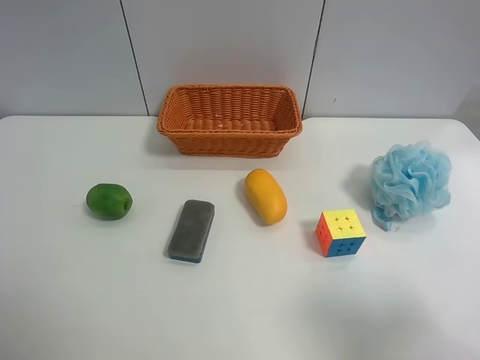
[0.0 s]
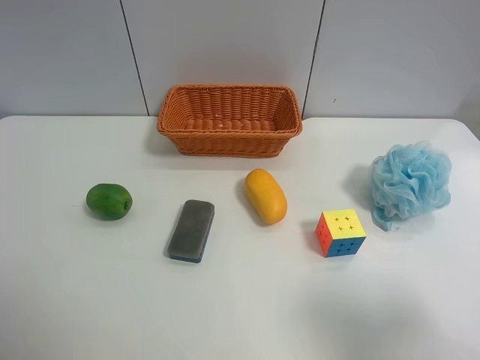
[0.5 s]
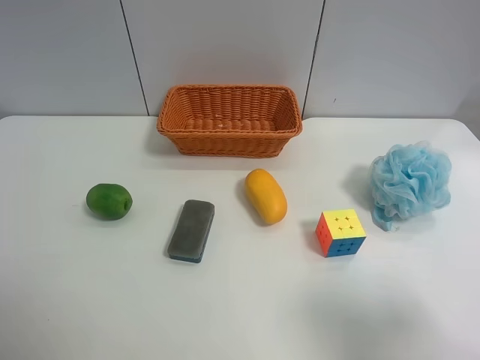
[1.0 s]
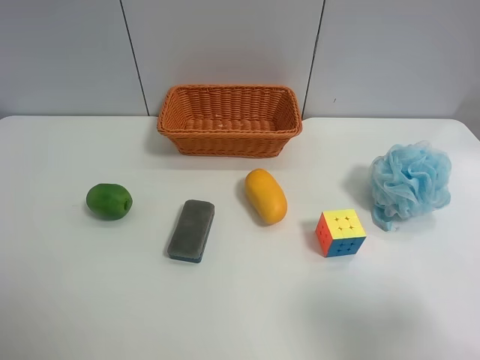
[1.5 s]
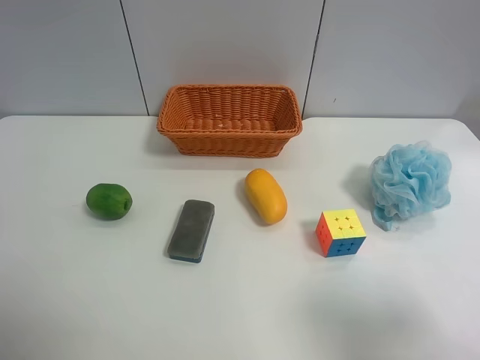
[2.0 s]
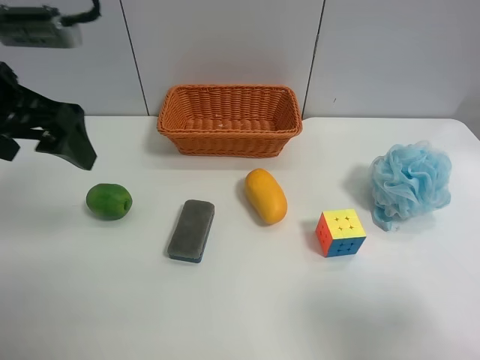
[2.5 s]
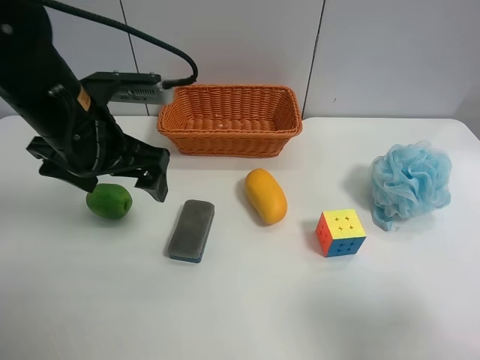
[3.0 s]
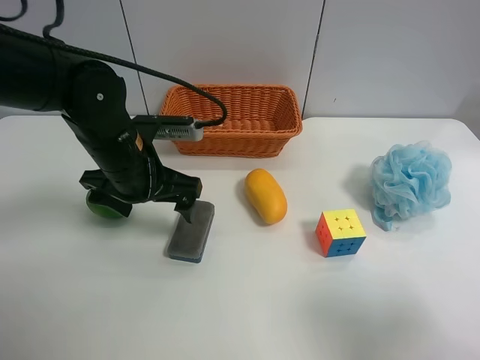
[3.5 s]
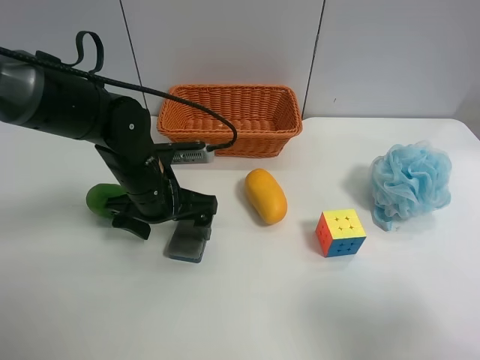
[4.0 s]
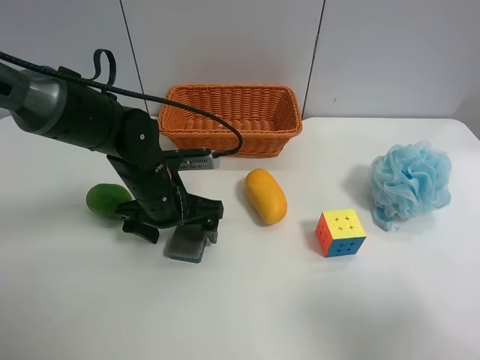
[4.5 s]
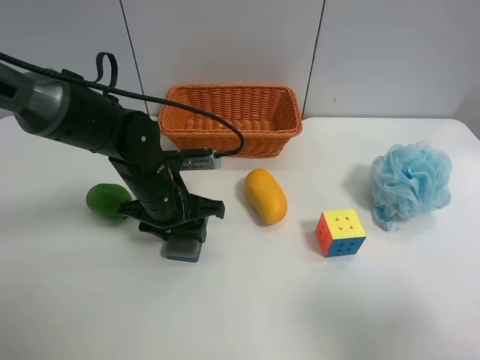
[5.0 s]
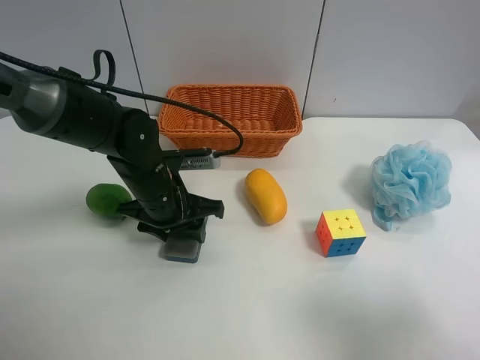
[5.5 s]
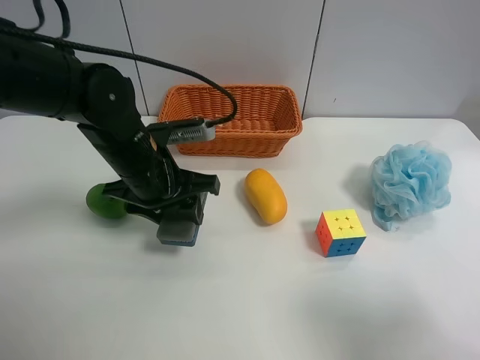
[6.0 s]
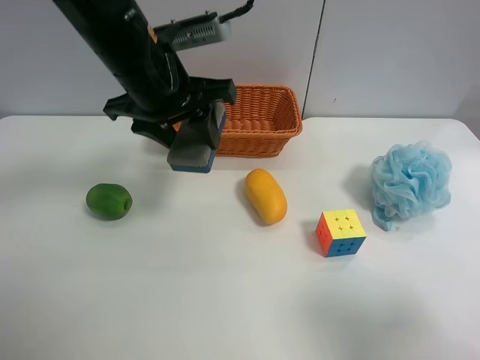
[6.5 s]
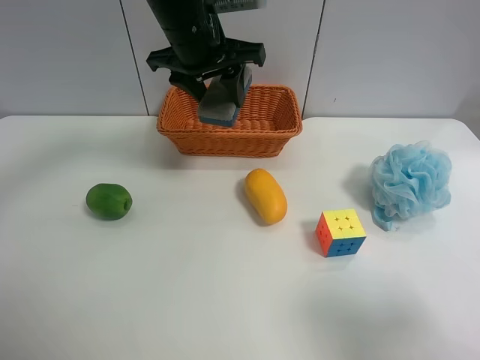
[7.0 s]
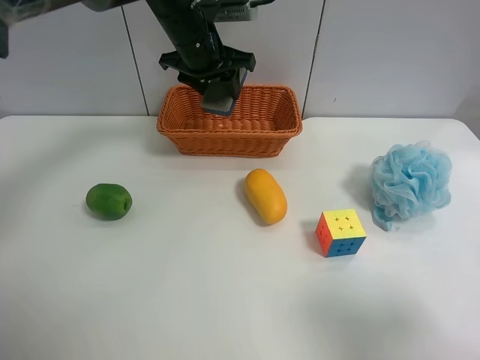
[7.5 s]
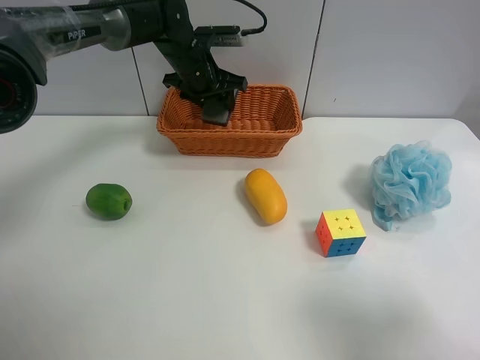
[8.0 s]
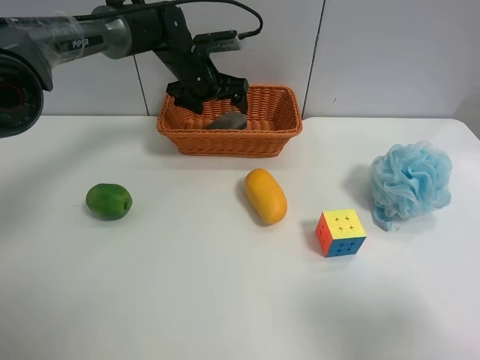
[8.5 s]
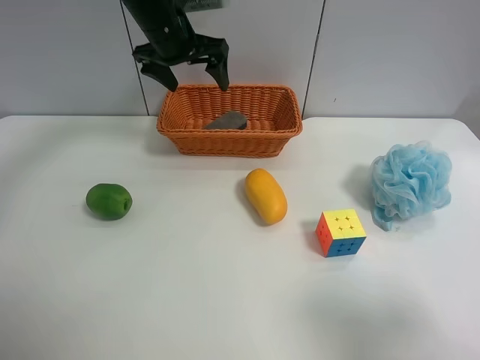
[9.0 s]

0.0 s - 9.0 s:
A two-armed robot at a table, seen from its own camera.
Task of the whole recording: use the left gripper to grab items from the table and place them in the basket.
Step, 0.0 s - 5.5 s: Grasp the chalkboard eraser with the left gripper.
Step, 6.0 s - 8.5 s: Place the chalkboard eraser into the basket with the left gripper.
2.0 s - 4.5 s: The left gripper travels downward, to the right and forward by about 35 cm.
4.5 s - 7.0 s: The left gripper moves upward and forward, about 20 cm, and closes its fingers.
7.0 s - 9.0 s: The left gripper travels forward and to the left by about 10 cm, and opens up.

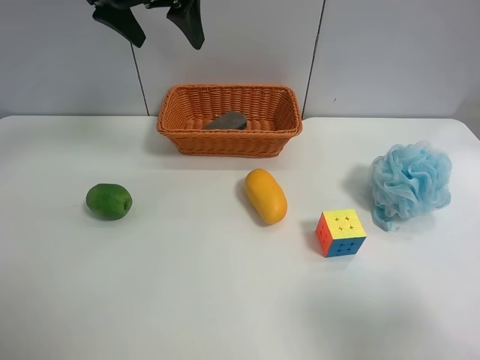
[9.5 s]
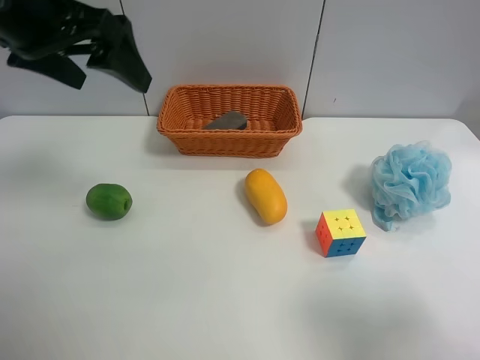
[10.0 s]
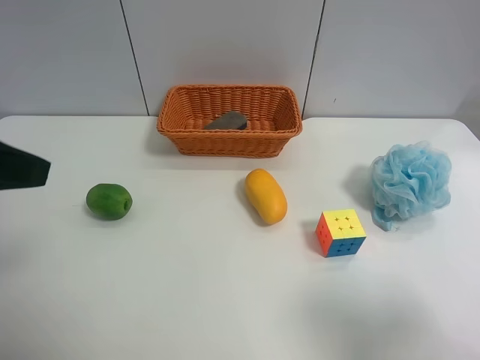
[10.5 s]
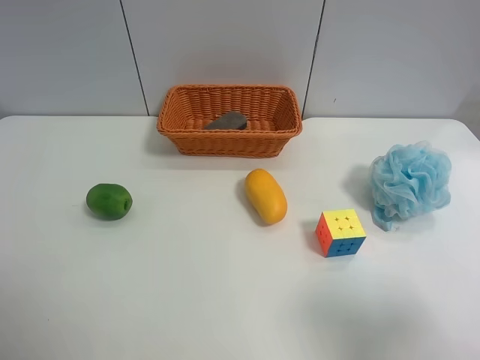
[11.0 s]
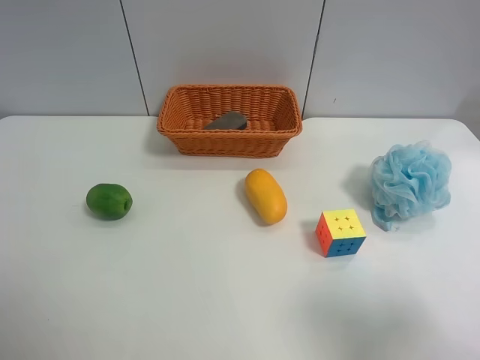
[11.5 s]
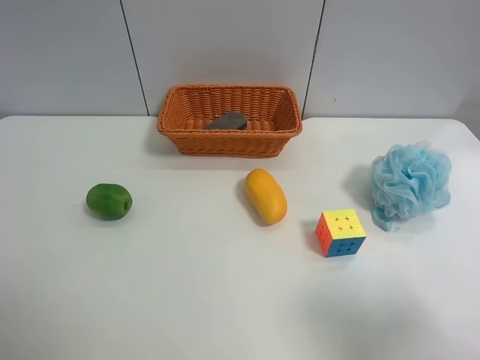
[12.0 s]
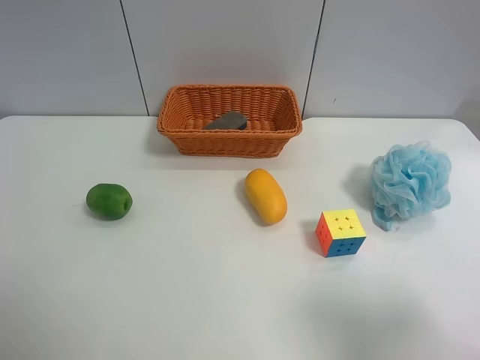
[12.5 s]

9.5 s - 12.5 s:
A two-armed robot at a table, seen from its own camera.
Task of the whole recording: use the left gripper to grab items from the table and place them in the basket.
9.5 s - 11.0 s: The left gripper shifts approximately 40 cm backward and to the left.

---

TASK TO COMPLETE
All of the entries above should be retyped exactly, with the pictures left out.

RESPONSE AREA
[0.0 s]
[0.5 s]
[1.0 s]
[1.5 s]
[2.0 s]
[2.5 s]
[3.0 s]
[3.5 s]
[4.0 s]
[4.5 s]
[5.0 s]
[5.5 s]
[6.0 s]
[6.5 s]
[7.0 s]
[7.5 s]
[8.0 s]
[8.5 s]
[9.0 s]

0.0 s - 9.0 s:
A two-armed robot at a table, seen from its own camera.
Task of the whole recording: use the left gripper to grab items from the table and place them in the basket.
Step, 0.0 s - 5.5 s: Grasp the chalkboard eraser with the left gripper.
Step, 6.0 s - 8.5 s: Place the chalkboard eraser into the basket with the left gripper.
2.0 s - 4.5 s: The left gripper travels downward, to the right and forward by about 35 cm.
4.5 s - 7.0 s: The left gripper moves upward and forward, about 20 cm, and closes its fingers.
7.0 s - 9.0 s: The left gripper travels forward and to the left by about 10 cm, and opens up.

[9.5 s]
[10.0 s]
[10.5 s]
[11.0 s]
[11.5 s]
[12.0 s]
[12.5 s]

9.5 s - 12.5 s:
A two-armed robot at a table, seen from its own camera.
Task of the whole recording: use the left gripper to grab items from the table and place them in the basket.
9.5 s - 11.0 s: The left gripper shifts approximately 40 cm backward and to the left.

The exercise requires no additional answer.